|Photo credit - msegura|
Last week was Parents Evening, and I'm pleased to report it was all good for both children. Very good, in fact. I mentioned it on Twitter but I held back from blogging about it, until now.
I put it on my Facebook status and then I saw someone tweeting about how they hate all the smug updates about how everyone's little darlings are doing so well at such times, and that not all the children can't ALL be nice and polite. It niggled. First, because it intimated that teachers issue platitudes they don't really believe, and secondly, it suggested that it was wrong to be proud of our children.
The main reason I put it on Facebook is that it is the main way we keep up to date with family. We have family spread from Cumbria to Devon, plus another that spends half his time abroad. We have friends around the world who know my kids and like to hear how they are getting on. I'm sorry if that's wrong but if I didn't put it on my status, I'd have to type it out several times over.
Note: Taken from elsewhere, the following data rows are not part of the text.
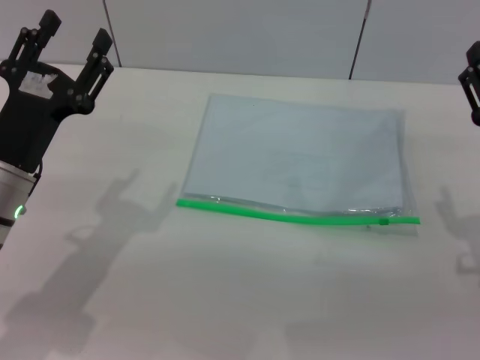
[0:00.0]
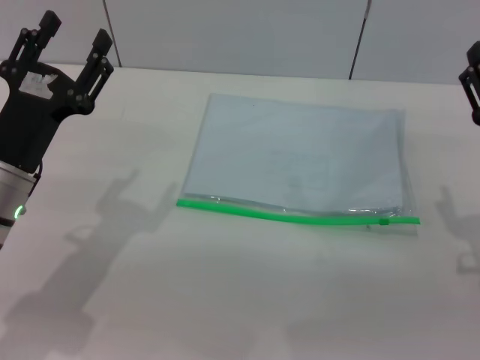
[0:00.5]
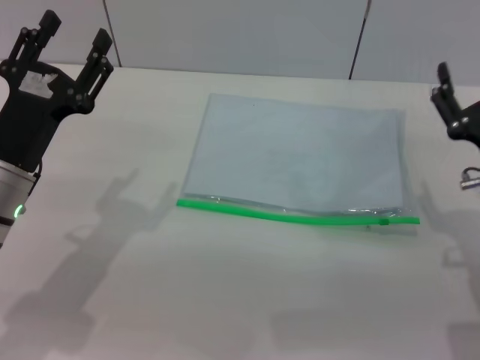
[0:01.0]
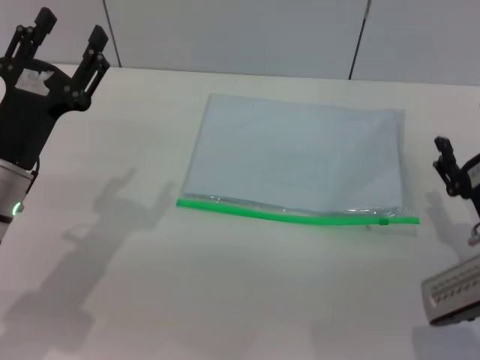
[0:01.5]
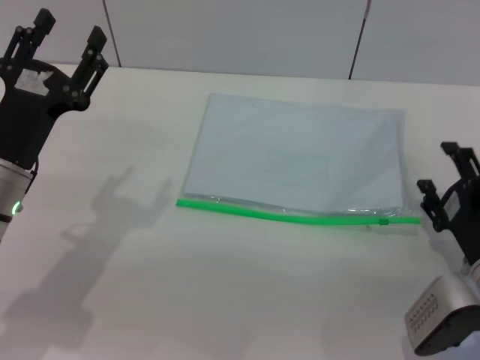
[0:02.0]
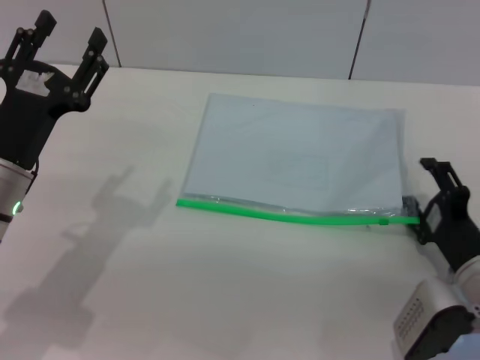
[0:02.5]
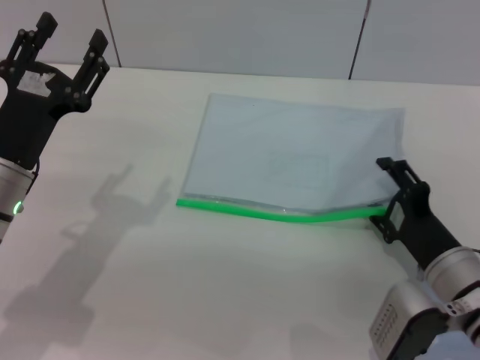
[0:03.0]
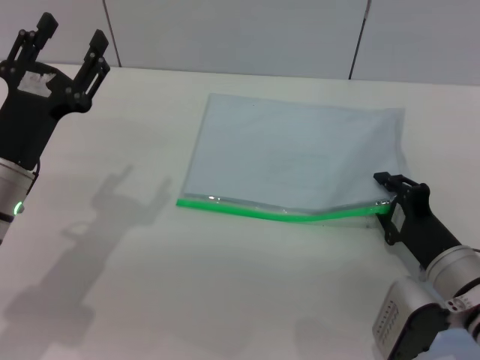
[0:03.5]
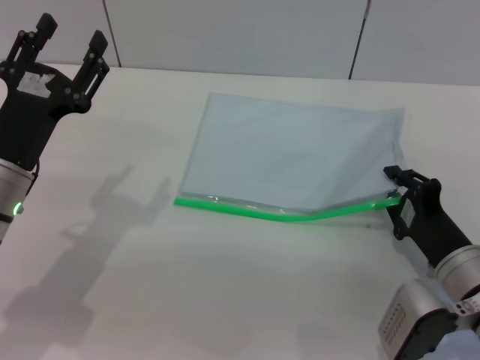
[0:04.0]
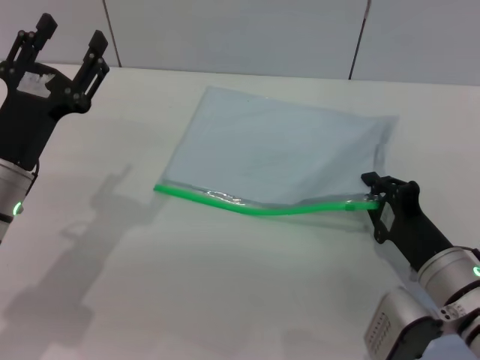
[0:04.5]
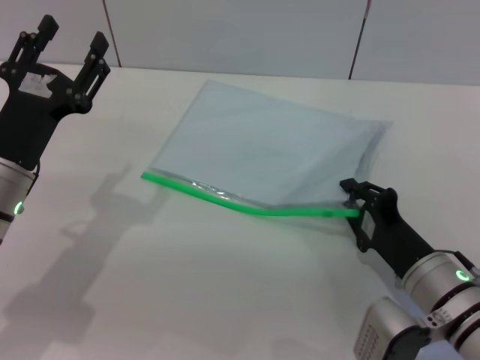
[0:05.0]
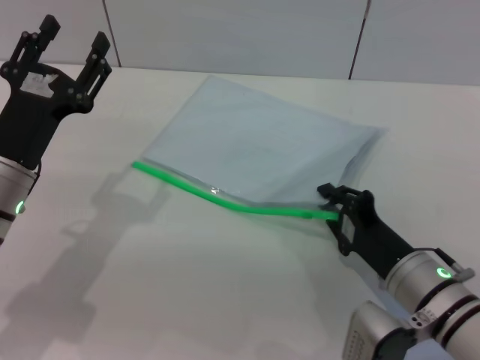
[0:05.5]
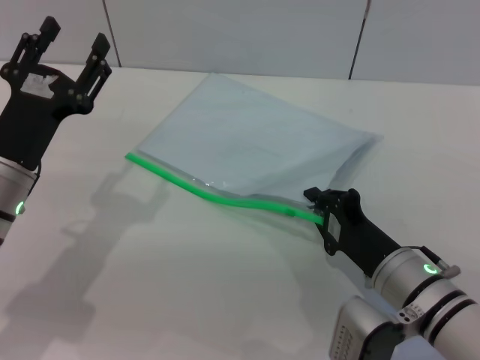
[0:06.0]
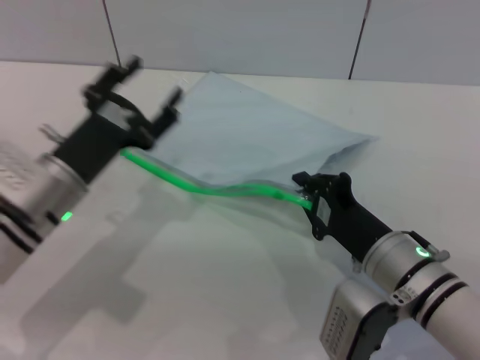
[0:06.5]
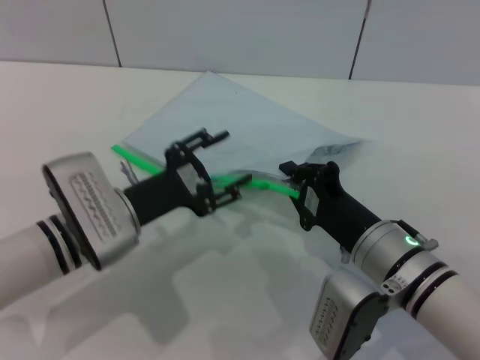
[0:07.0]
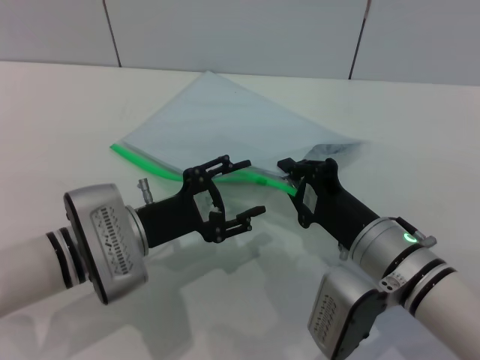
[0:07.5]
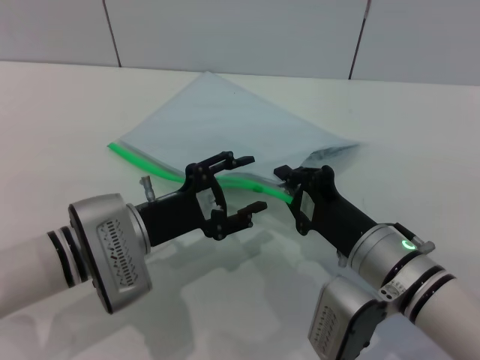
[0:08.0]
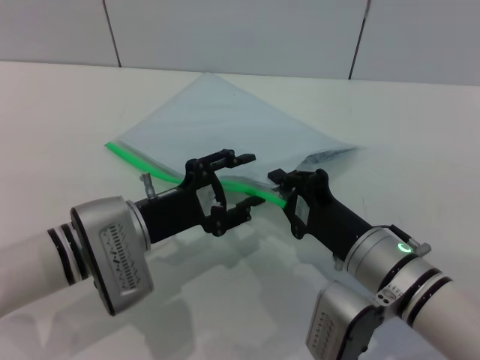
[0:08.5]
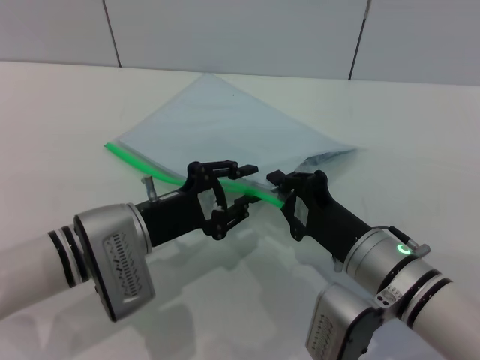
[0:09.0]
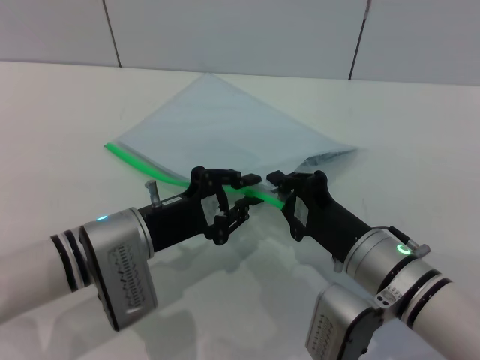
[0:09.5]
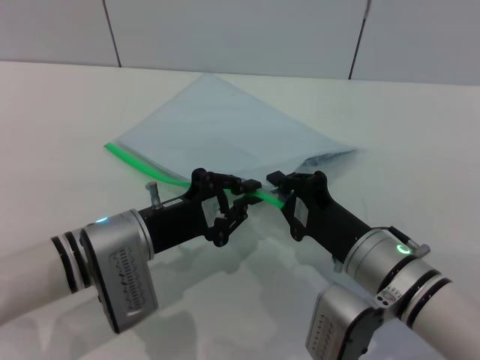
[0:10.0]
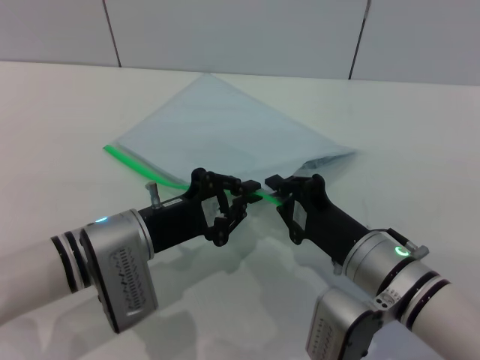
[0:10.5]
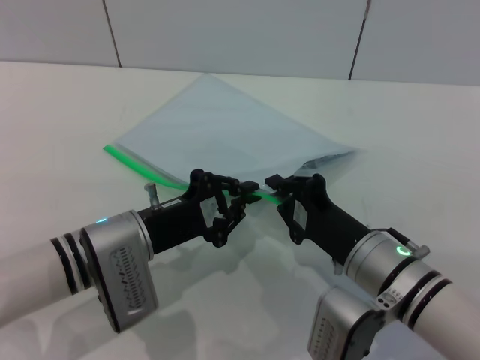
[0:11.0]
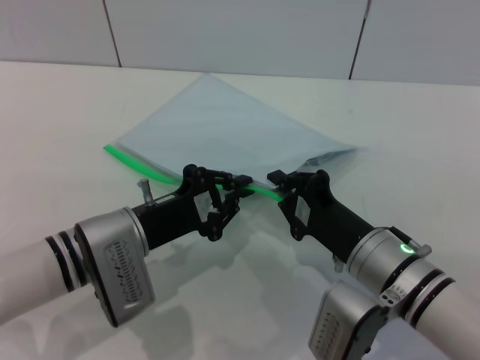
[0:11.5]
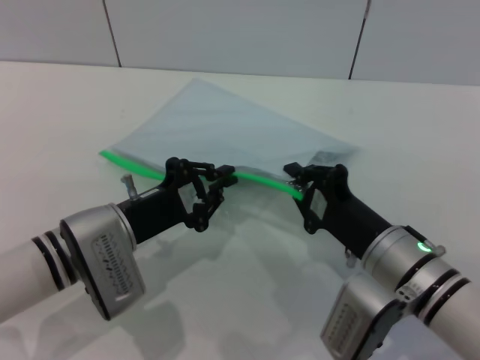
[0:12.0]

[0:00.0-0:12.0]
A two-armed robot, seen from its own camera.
Step, 0:00.0 to 0:06.5: Pick up the transparent plastic bag with the right gripper.
0:00.0 to 0:02.0: The right gripper heads downward, covering roughly 5 cm.
0:02.0 to 0:04.0: The right gripper closes its fingers.
0:04.0 to 0:06.0: The right gripper is displaced to the left by some 5 cm.
0:06.0 to 0:08.0: The left gripper moves to the right, about 10 cm.
0:08.0 to 0:10.0: The left gripper closes up.
0:10.0 to 0:12.0: The grippers make only small movements.

I know the teachers were genuine in their praise when we went. It rather astonishes me that Monkey's teacher cannot say a bad word about him. She gave him As for effort rather than A*s because she wants him to keep trying and told us "Really, he's excellent (but don't tell him I said that!)". I knew he had done well in his reading test because she told me a month ago that he had come top of the class in a very hard reading test, having only got one question wrong. Missy Woo's teacher was honest with us too - and said her only fault was she could get a little too chatty if she sat next to the wrong person, but that she was always mortified if teacher had to have a word with her.The children they spoke of were recognisable as my children, albeit the immaculately behaved version they reserve for school hours.
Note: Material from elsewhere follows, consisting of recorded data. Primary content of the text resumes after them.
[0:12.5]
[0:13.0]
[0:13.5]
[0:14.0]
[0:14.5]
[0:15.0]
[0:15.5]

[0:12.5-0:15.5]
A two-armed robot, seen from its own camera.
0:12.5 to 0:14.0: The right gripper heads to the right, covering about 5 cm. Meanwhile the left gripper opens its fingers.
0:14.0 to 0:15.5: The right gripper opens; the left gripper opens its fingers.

These teachers weren't lying. I would know if they were and I'm certainly not lying either.Yes, they are good kids but they are not angels; they are just normal kids who have their moments, and thankfully, the good outweighs the bad. Both children are already at, or beyond, where they are expected to be by the end of the school year. Their teachers expect they will move up further during the next term - Monkey's teacher expects his reading to be that expected of a child finishing Year 4. He's in Year 2. Missy Woo is expected to be at the standard of a child in Year 2, a full year ahead of herself. Those facts blew me away. In fact, it still does.
But why is it wrong to be proud of this? They have both worked hard and tried their best in class and know we expect that of them. We do not push them, we encourage them - we read with them and do spellings as requested by school but the rest of the time anything we do with them is spontaneous. Why can't I be proud that they both try their best and are progressing so well? That they both love to read, to write and to add up? That they both love learning?
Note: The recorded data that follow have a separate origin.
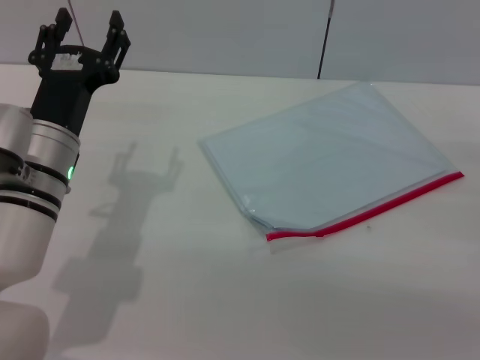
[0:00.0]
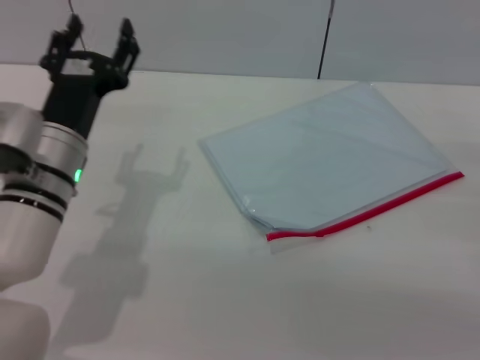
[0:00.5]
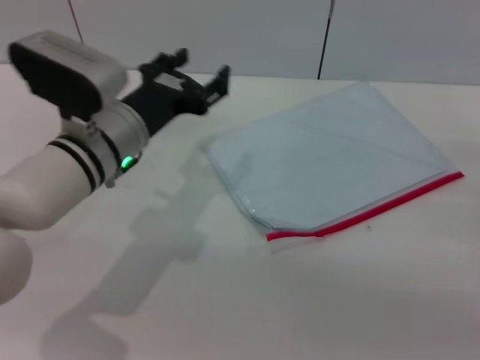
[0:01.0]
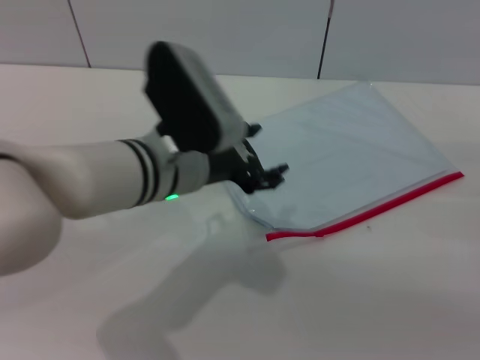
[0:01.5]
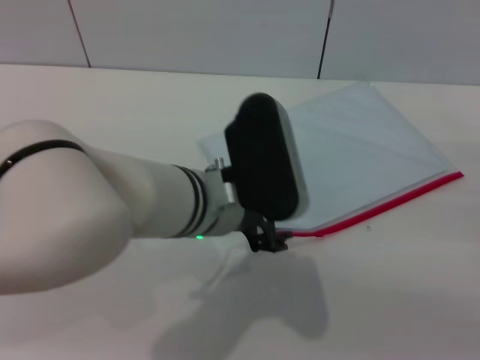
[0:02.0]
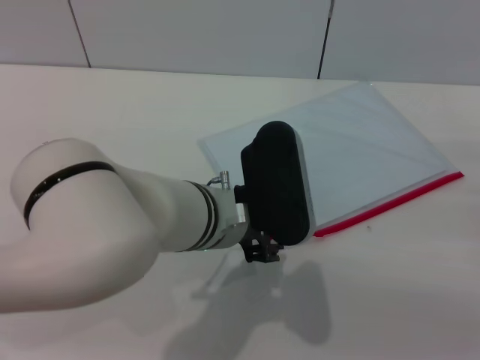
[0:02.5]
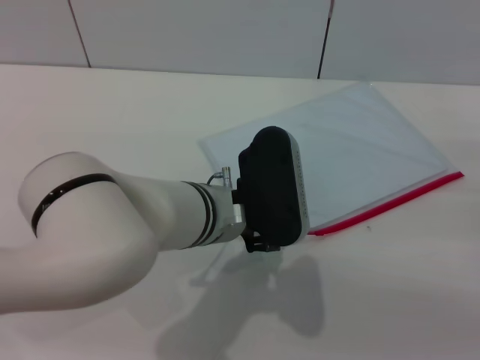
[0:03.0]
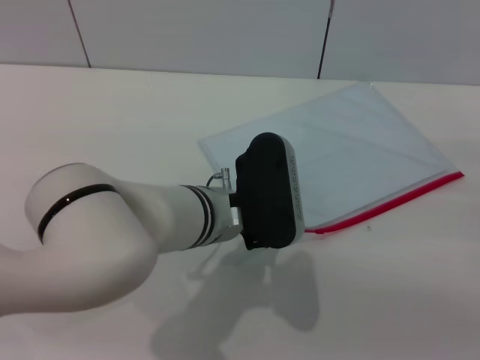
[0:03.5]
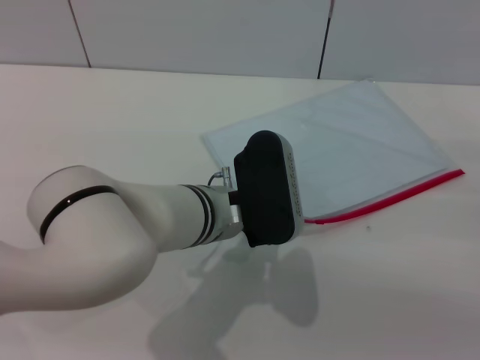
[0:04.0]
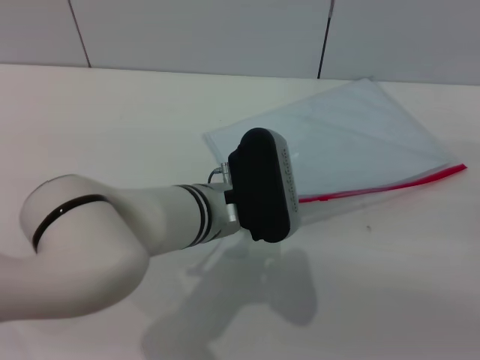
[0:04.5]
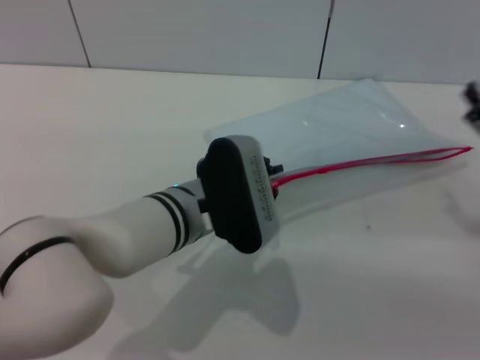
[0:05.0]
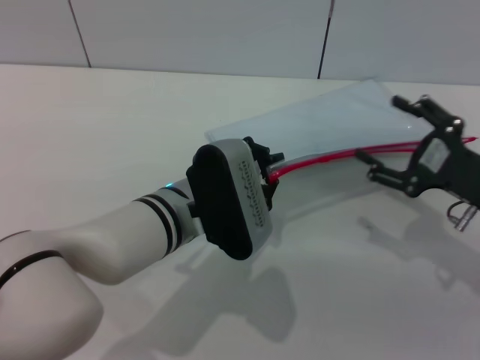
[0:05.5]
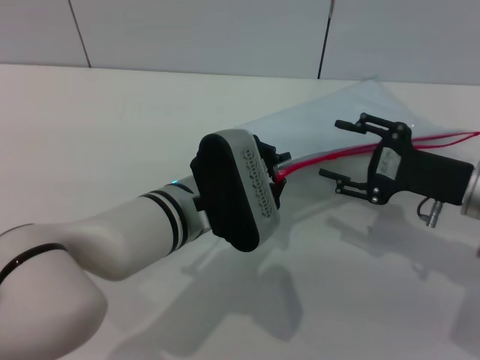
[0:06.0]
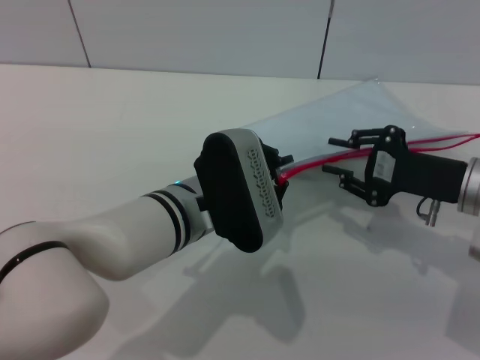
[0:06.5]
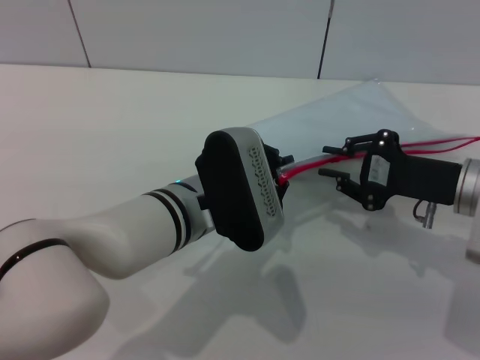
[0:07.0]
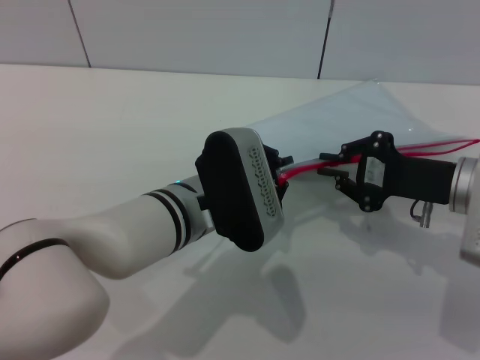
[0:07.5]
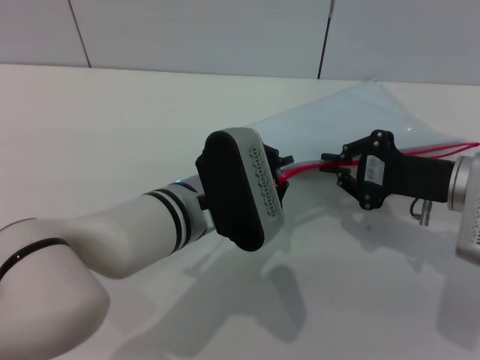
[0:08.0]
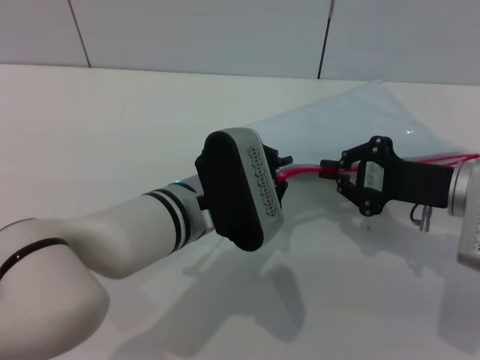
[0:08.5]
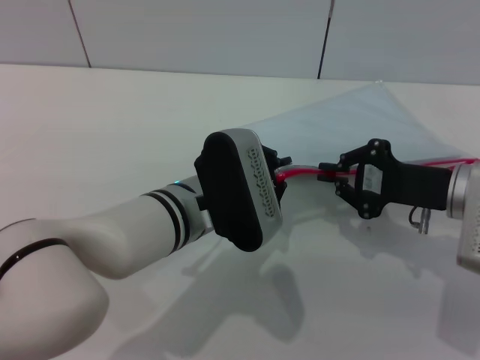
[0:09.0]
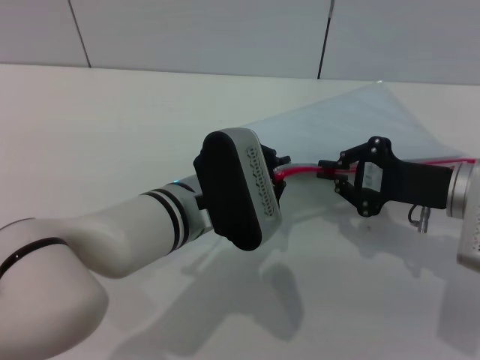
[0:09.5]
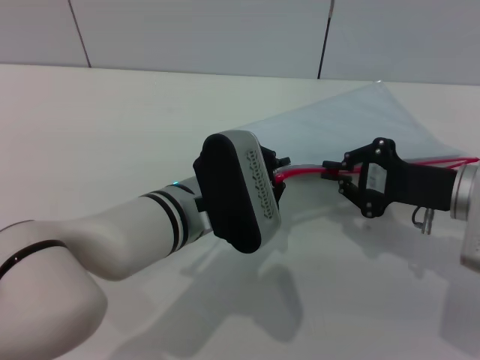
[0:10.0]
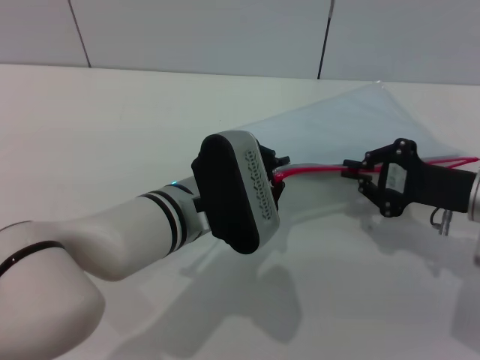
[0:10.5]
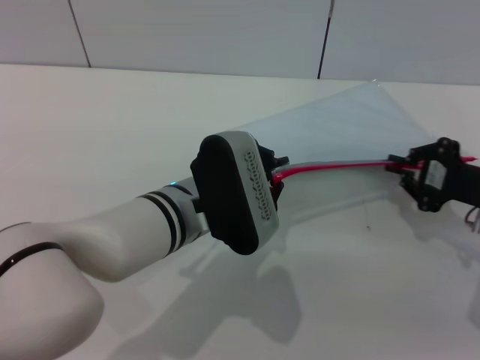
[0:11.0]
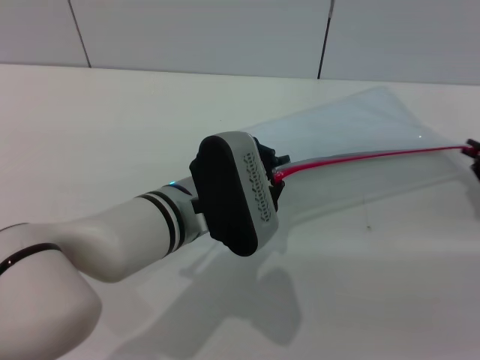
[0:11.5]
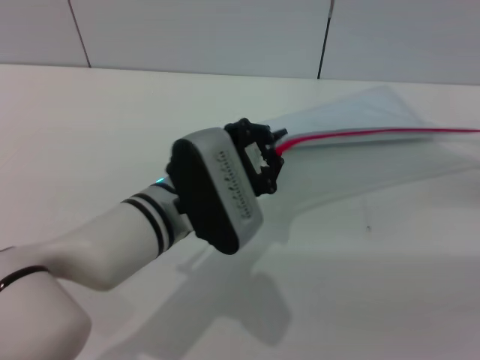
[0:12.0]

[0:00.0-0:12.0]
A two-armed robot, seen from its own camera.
Step, 0:00.0 to 0:04.5: Pick up the transparent plastic bag with the left gripper.
0:00.0 to 0:02.0: The left gripper shifts approximately 15 cm to the right.
0:02.0 to 0:04.0: The left gripper shifts about 5 cm downward, and closes its fingers.
0:04.0 to 0:06.0: The right gripper shifts roughly 10 cm to the left and forward; the left gripper closes.
0:06.0 to 0:08.0: The right gripper closes.
0:08.0 to 0:10.0: The two grippers keep their place.
0:10.0 to 0:12.0: The right gripper shifts some 15 cm to the right.

I accept there is a fine line between pride and boastfulness. When the children were babies, I avoided the Baby Olympics. I was open-mouthed when some parents were displeased that a friend's baby was ahead of theirs. One even told me she was worried her daughter wasn't walking - she wasn't even a year old. And yes, I talk about my kids, but never in a my-child-is-better-than-yours kind of way - they're just different, with their own personalities, strengths and weaknesses.
My children are my life. Their care and upbringing takes up the most time in my daily routine and it's been that way for the last 7 years. I think we've done a good job so far. If I can't be proud of that, what can I be proud of? I've had enough - I am reserving the right to speak up when there is good news to report. From now on, I'm going to be a proud mummy and be unapologetic about tt. I won't bang on about my children endlessly but I will celebrate their achievements. I want my children to know that I am proud of them (which they do, I hope) but I want them to know it's OK to be proud in a gracious way, especially when it is something they have worked hard for.
I want other parents to join me, to demonstrate that pride in your children is a good thing. I've even made a badge to display on your blog, to show that you are proud and don't feel the need to apologise for that. Feel free to grab the code to do so, to put on a post or a sidebar. I'd love to know what you think about it, either in the comments or in your own post - what makes you proud about your kids? How have they made you proud recently? Is parental pride a good thing and when is it ever bad? If enough people write in response to this, I'll open a linky but I won't if there isn't a demand for it.
Let's show everyone we are proud of our kids - we've spent ages growing and nurturing them, we have every right to be. In doing this, I'm hoping our kids learn pride in themselves - how to experience it and handle it, without losing friends over it. Mostly, I just want them to know people ARE proud of them because, God knows, children and young people take enough stick these days, and not a lot of it is justified.